Question

The equation below represents Function A and the graph represents Function B:

Function A

f(x) = – 2x + 1

Function B

graph of line going through ordered pairs negative 1, negative 5 and 2, 1 and 3, 3

Which equation best compares the slopes of the two functions? (1 point)


Slope of Function B = 2 x Slope of Function A.

Slope of Function A = Slope of Function B

Slope of Function A = 2 x Slope of Function B

Slope of Function B = – Slope of Function A

Answer 1

Slope of Function B = – Slope of Function A

Explanation:

Slope of function A=
`-2`

Slope of function B=$\frac{3-1}{3-2}=2$

Answer 2

Slope of Function B = -Slope of Function A

Explanation:

To find the right answer we need to calcultate the slope of each function.

Function A is
`f(x)=-2x+1`

From its expression we can deduct that its slope is
`m_(A) =-2` because the function is expressed in slope-intercept form where the coefficient of the x is the slope.

Now, function B is defined with a graph line, that intercepts points (-1,-5), (2,1) and (3,3).
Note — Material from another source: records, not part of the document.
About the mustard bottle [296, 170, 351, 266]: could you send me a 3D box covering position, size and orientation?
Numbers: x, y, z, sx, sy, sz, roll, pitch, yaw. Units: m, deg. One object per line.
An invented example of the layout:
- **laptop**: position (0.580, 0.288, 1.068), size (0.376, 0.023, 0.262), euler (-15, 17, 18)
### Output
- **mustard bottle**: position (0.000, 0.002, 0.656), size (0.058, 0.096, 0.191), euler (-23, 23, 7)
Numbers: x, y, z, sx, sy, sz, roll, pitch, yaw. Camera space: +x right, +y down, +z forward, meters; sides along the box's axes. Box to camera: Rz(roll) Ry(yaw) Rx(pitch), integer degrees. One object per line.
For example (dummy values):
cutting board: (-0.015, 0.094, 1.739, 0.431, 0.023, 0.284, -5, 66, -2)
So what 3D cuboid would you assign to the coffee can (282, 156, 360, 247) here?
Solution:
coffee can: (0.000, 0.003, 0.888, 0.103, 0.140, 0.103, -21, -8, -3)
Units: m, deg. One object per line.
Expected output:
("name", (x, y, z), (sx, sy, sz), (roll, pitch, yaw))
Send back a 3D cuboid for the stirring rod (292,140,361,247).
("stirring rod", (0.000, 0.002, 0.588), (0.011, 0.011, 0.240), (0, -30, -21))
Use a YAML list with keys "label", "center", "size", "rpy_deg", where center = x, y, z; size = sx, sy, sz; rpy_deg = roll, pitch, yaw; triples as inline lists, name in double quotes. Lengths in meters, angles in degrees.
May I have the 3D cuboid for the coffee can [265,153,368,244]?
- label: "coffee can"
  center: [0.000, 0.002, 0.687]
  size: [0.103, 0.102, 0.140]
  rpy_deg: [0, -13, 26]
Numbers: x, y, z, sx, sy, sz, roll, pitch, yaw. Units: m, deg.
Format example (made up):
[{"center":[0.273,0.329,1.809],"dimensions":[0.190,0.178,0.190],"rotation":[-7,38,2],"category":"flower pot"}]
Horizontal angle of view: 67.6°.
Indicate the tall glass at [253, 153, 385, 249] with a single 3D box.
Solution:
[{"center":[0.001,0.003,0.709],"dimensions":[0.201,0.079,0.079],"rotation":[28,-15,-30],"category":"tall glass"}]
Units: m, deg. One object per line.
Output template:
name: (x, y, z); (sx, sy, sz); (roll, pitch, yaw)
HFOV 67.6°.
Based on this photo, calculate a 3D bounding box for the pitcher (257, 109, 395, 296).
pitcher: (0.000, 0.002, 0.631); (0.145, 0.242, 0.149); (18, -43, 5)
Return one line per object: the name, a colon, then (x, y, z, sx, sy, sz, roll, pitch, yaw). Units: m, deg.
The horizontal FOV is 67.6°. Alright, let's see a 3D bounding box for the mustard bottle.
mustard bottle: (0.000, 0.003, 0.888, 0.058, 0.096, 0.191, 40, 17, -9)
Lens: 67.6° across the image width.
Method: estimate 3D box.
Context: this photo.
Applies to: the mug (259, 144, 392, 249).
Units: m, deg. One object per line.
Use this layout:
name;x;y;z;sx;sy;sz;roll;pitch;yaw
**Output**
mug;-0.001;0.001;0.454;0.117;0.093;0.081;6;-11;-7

Using this points we can find its slope using the formula

`m=(y_(2)-y_(1) )/(x_(2)-x_(1) ) \\m_(B) =(3-(-5))/(3-(-1)) =(3+5)/(3+1)=(8)/(4)=2`

So, function A has a slope of -2 and function B has a slope of 2.

Therefore, the last choice compares both slopes, because they are just opposite,

`m_(B)=-m_(A)`

So, the answer is

Slope of Function B = -Slope of Function A